- Exercise description -
The answer must repeat every record exactly, with no pictures in it.

━━━━━ Data for this task

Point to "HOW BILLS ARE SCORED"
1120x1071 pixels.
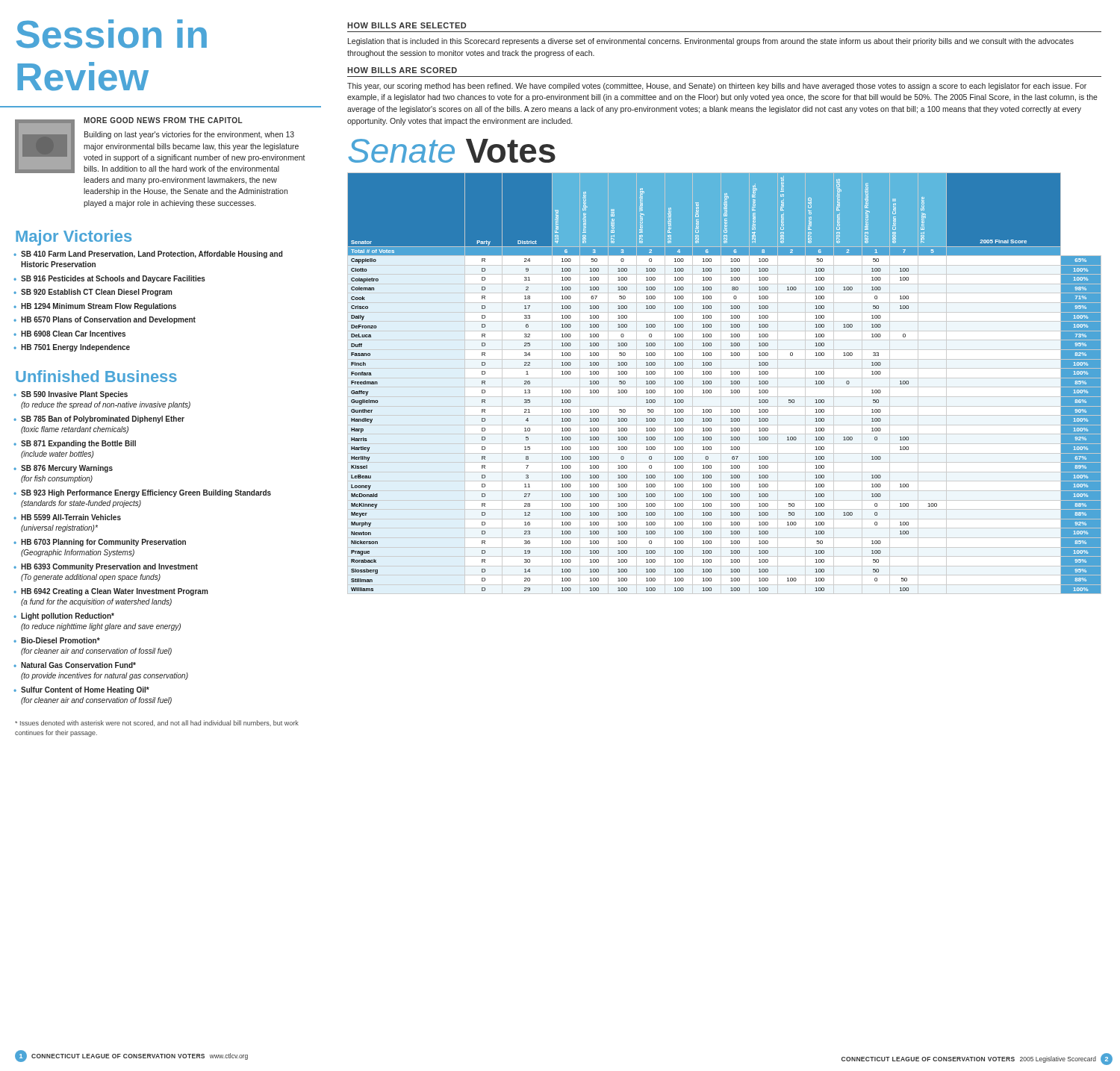coord(402,70)
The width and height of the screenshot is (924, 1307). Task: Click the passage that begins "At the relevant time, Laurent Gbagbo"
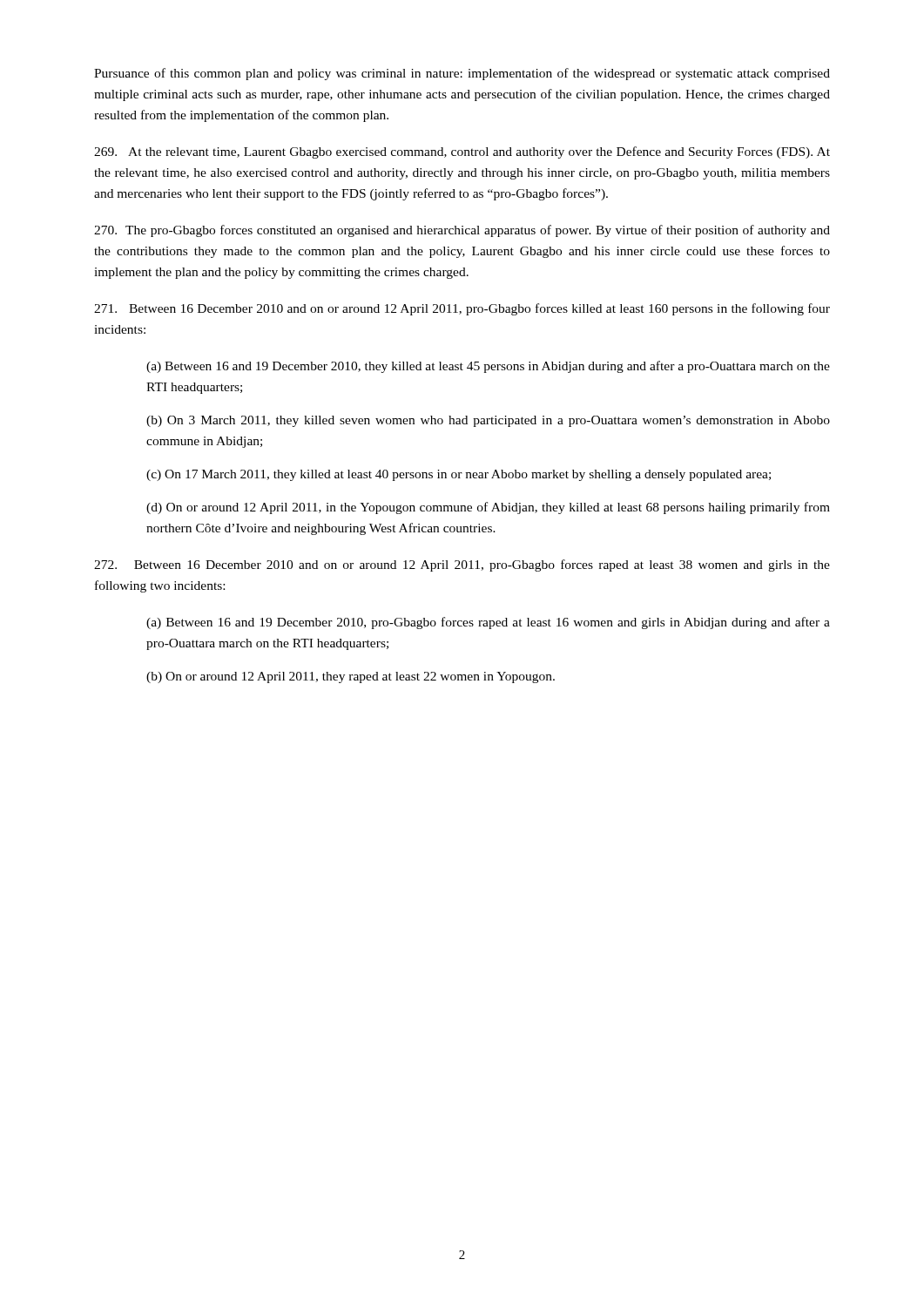point(462,172)
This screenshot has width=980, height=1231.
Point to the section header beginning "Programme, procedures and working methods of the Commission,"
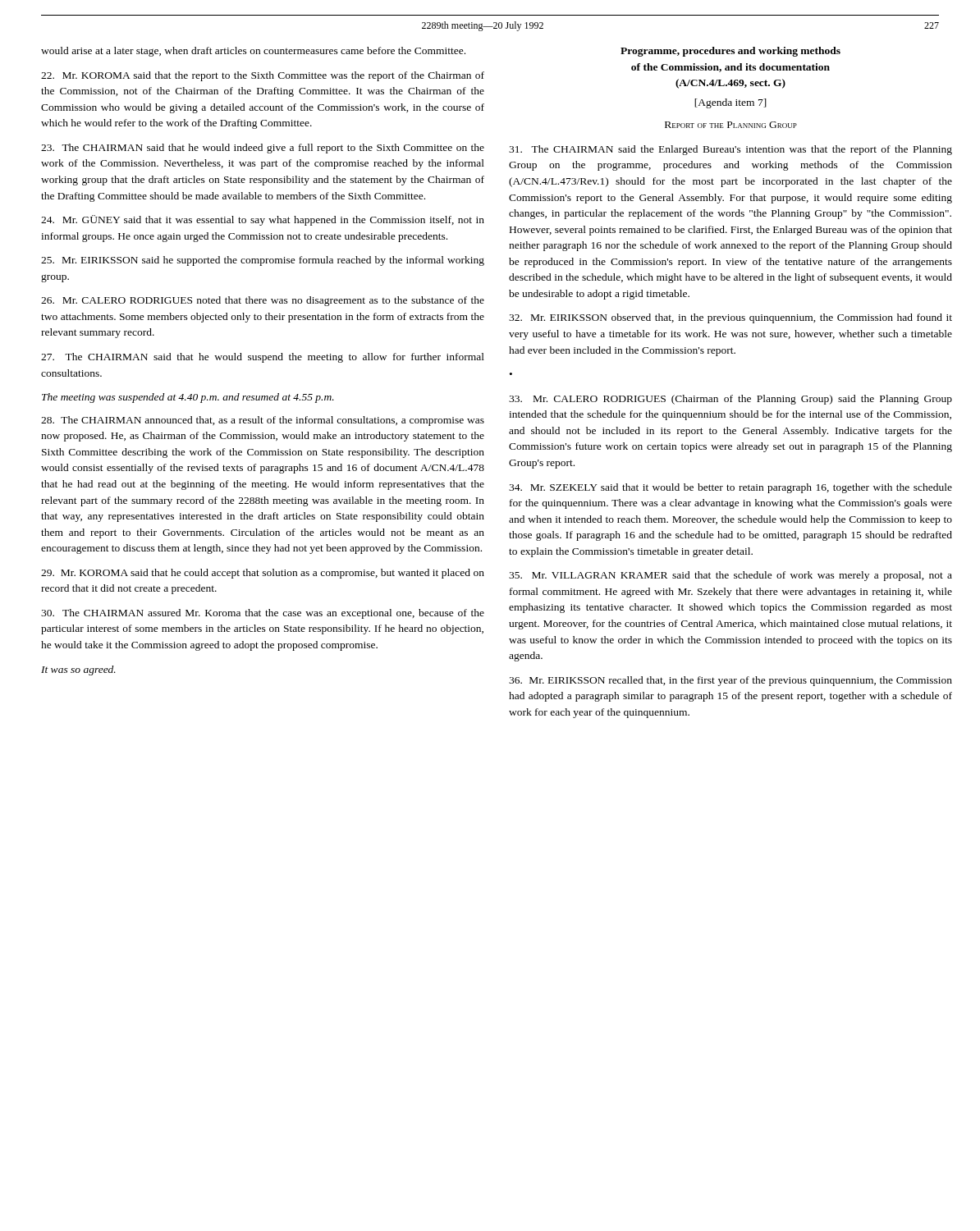pyautogui.click(x=730, y=67)
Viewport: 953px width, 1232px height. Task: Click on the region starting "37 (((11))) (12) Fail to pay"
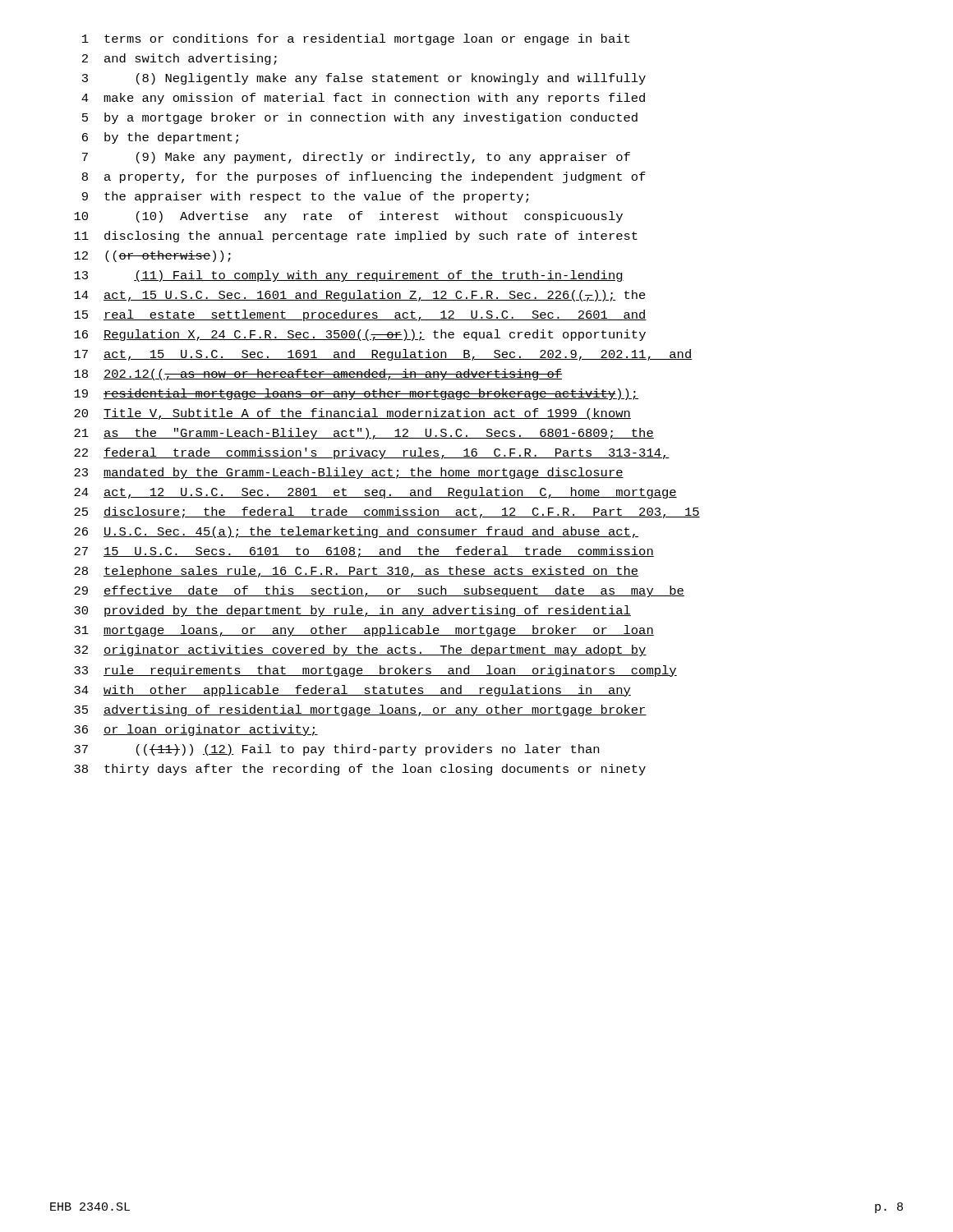click(476, 759)
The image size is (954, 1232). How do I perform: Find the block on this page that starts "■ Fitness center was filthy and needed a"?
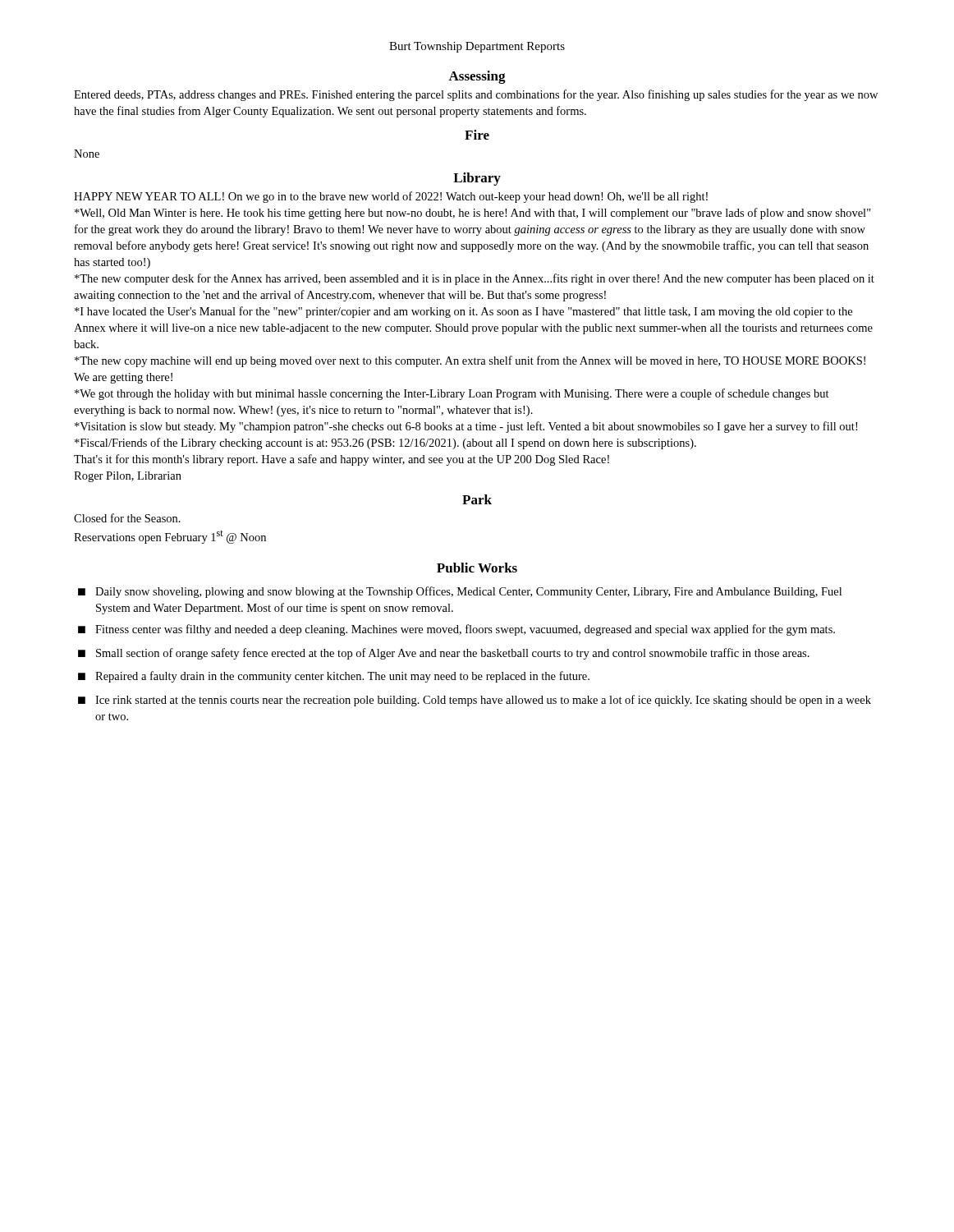coord(477,630)

━━━━━━━━━━

- Answer for this exercise -
Point to "HOW BILLS ARE SCORED"
1120x1071 pixels.
coord(402,70)
The width and height of the screenshot is (924, 1307). Task: Click the passage that begins "At the relevant time, Laurent Gbagbo"
point(462,172)
This screenshot has width=980, height=1231.
Point to the section header beginning "Programme, procedures and working methods of the Commission,"
pyautogui.click(x=730, y=67)
Viewport: 953px width, 1232px height. Task: Click on the region starting "37 (((11))) (12) Fail to pay"
click(476, 759)
The image size is (954, 1232). How do I perform: Find the block on this page that starts "■ Fitness center was filthy and needed a"?
coord(477,630)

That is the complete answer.